Fim da Denegação na NFC-e
O Ajuste SINIEF 10/2023 alterou as regras da NFC-e, excluindo a denegação. Anteriormente, a NFC-e podia ser denegada por irregularidade fiscal do emitente (301 - Uso Denegado: Irregularidade fiscal do emitente). Com a mudança, a NFC-e passará a ser rejeitada nesses casos.
Quando o emitente estiver em situação irregular perante o Fisco, a NFC-e será rejeitada com a mensagem 781 - Rejeição: Emissor não habilitado para emissão da NFC-e, conforme a regra 1C17-38.

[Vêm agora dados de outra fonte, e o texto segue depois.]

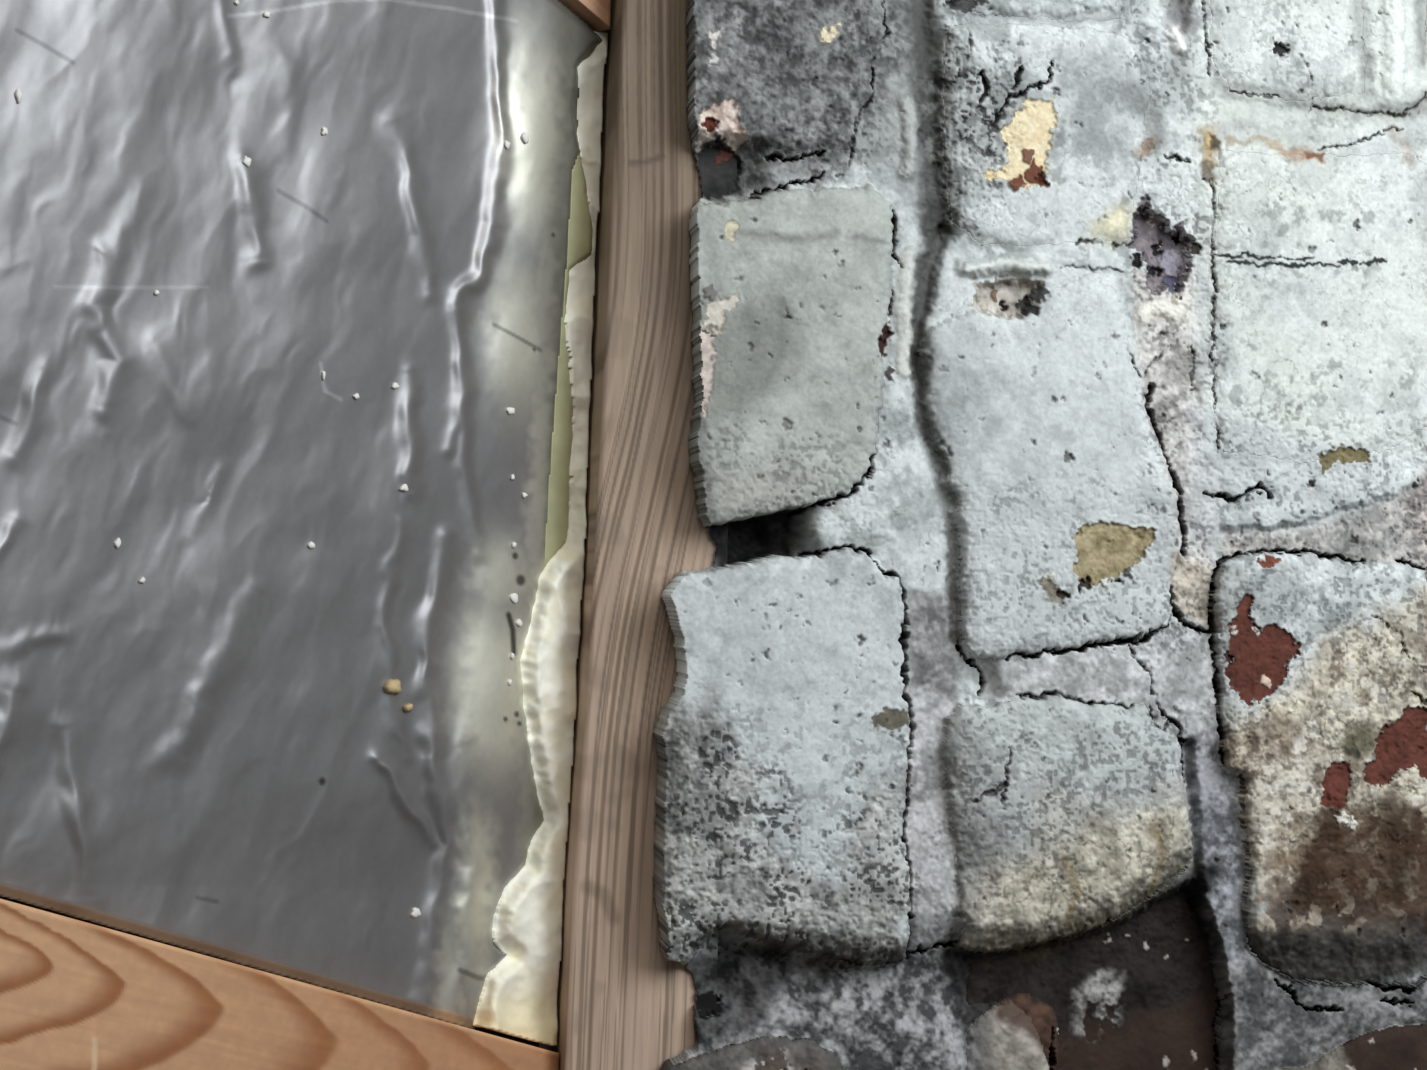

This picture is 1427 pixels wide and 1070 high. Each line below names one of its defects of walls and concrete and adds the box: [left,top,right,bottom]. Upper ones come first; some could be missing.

crack [969,34,1053,127]
peeling [984,97,1057,191]
spalling [1126,194,1202,295]
spalling [972,277,1051,319]
crack [1131,155,1219,448]
crack [788,459,872,516]
crack [1169,473,1270,503]
peeling [1307,444,1371,487]
crack [798,545,892,576]
peeling [1037,521,1156,609]
crack [955,612,1224,782]
leakage [1291,798,1427,924]

Códigos e Descrições de Mensagens de Erro
A Nota Técnica 2023.002 consolida os códigos de erro e suas descrições associadas às novas validações:
- 126: Rejeição: Enviado lote com mais de 1 NFC-e
- 401: Rejeição: CPF do emitente inválido
- 494: Rejeição: Chave de Acesso inexistente
- 560: Rejeição: CNPJ base/CPF do emitente difere do CNPJ base/CPF da primeira NF-e do lote recebido
- 574: Rejeição: O autor do evento diverge do emissor da NF-e
- 617: Rejeição: Chave de Acesso inválida (CNPJ/CPF zerado ou dígito inválido)
- 781: Rejeição: Emissor não habilitado para emissão da NFC-e
- 957: Rejeição: Tipo de emissão incompatível com o Processo de Emissão
Conclusão
As alterações apresentadas pela Nota Técnica 2023.002 são direcionadas à flexibilização da emissão da NFC-e por produtores rurais que são pessoas físicas com Inscrição Estadual. A padronização da Chave de Acesso para emitentes CPF e as novas regras de validação garantem a conformidade fiscal. A eliminação da denegação na NFC-e simplifica o tratamento de irregularidades fiscais do emitente, substituindo-a pela rejeição direta, o que exige atenção dos contribuintes para evitar interrupções nas suas operações de venda.